Sifat-sifat material dalam kontruksi baja dan besi

Dalam sejarah manusia ada yang disebut jaman besi. Jaman ini dimulai sekitar 1200 tahun sebelum masehi. Jaman tersebut manusia untuk pertama kalinya belajar bagaiman menggunakan logam besi. Penggunaan besi terus berlanjut hingga abad ini. Besi bisa dibilang unsur logam yang paling banyak dan luas penggunaannya dalam kehidupan manusia. Tidak ada satupun logam yang dapat menggantikan peran besi sampai saat ini.

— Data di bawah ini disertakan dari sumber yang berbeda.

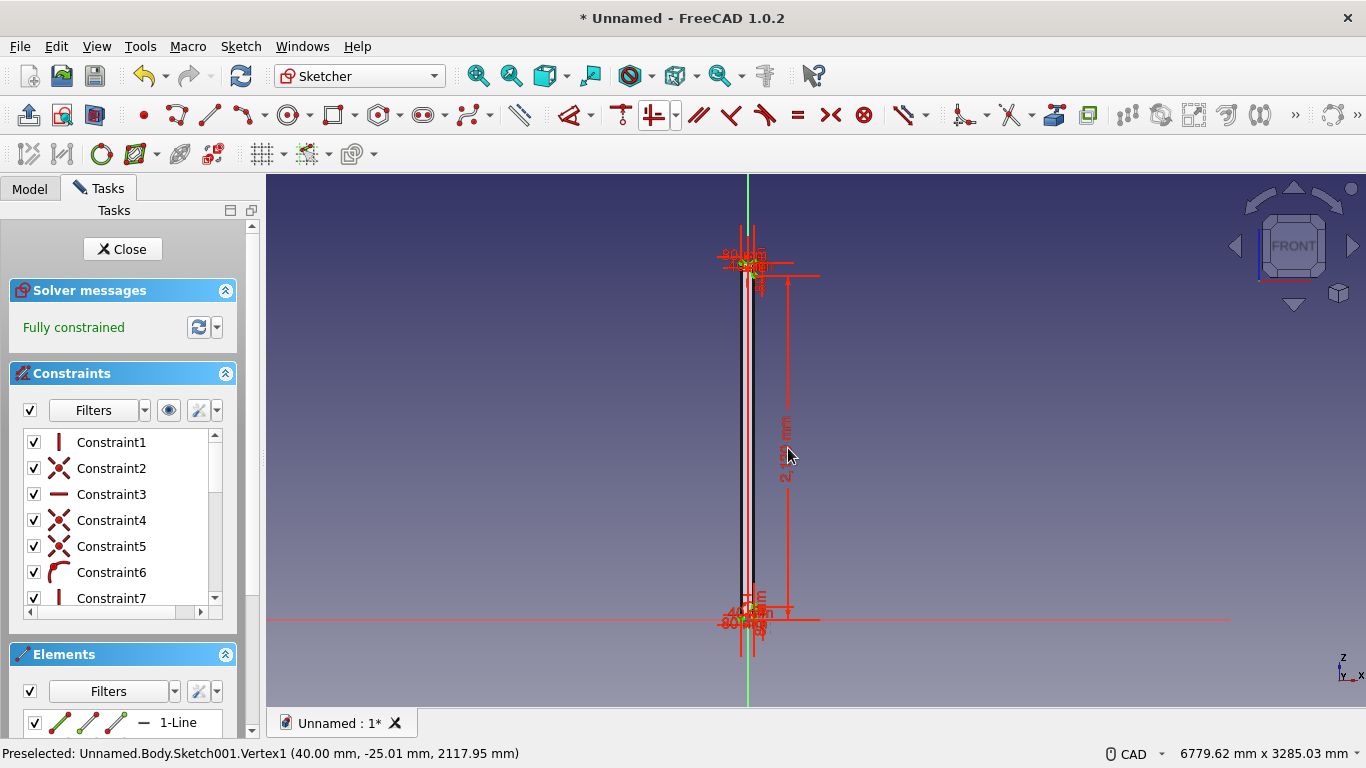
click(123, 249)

Dalam tabel periodik unsur besi adalah jenis logam transisi. Logam transisi adalah tipe unsur logam yang punya kecenderungan sifat padat, warna silver, dan mengkilap. Suatu logam dengan sifat-sifat ketaguhan yang besar yang pada prinsipnya mempunyai kekerasan dan kelihatan. Sebagaian besar tergantung pada cara pengolahannya. Titik leleh dari besi murni terletak sekitar 1525°c, berat jenisnya sama dengan 7,88 dan angka pengembangannya (pemuaiannya)0.000012.

Besi dan baja banyak digunakan untuk segala keperluan sebagai bahan bangunan.misalnya untuk: paku, kawat, profil,alat-alat,plat/besi batangan.

Baja mempunyai sejumlah sifat yang membuatnya menjadi baqhan bangunan yang sangat berharga. Beberapa sifat baja yang penting adalah: kekuatan, kelenturan, kealotan, kekerasan dan ketaqhan terhadap korosi. Baja mempunyai daya tarik, lengkung, dan tekan yang sangat besar. Pada setiap partai baja, pabrikan baja menandai beberapa besar daya kekuatan baja itu. Pabrikan baja misalnya, memasukan satu partai baja batangan dan mencatumkan pada baja itu Fe 360. Di sini Fe menunjukan bahwa partai itu menunjukkan daya kekuatan (minimum) tarikan atau daya tarik baja itu.

Yang dimaksud dengan istilah tersebut adalah gaya tarik N yang dapat dilakukan baja bergaris tengah 1 mm2 sebelum baja itu menjadi patah. Dalam hal ini daya tarik itu adalah 360 N/mm2. Dahulu kita mencantumkan daya tarik baja itu Fe 37,  karena daya tariknya adalah 37 kgf/mm2. Karena mengandung sedikit kadar karbon, maka semua jenis baja mempunyai daya tarik yang kuat. Oleh karna daya tarik baja yang kuat maka baja dapat menahan berbagai tegangan, seperti tegangan lentur.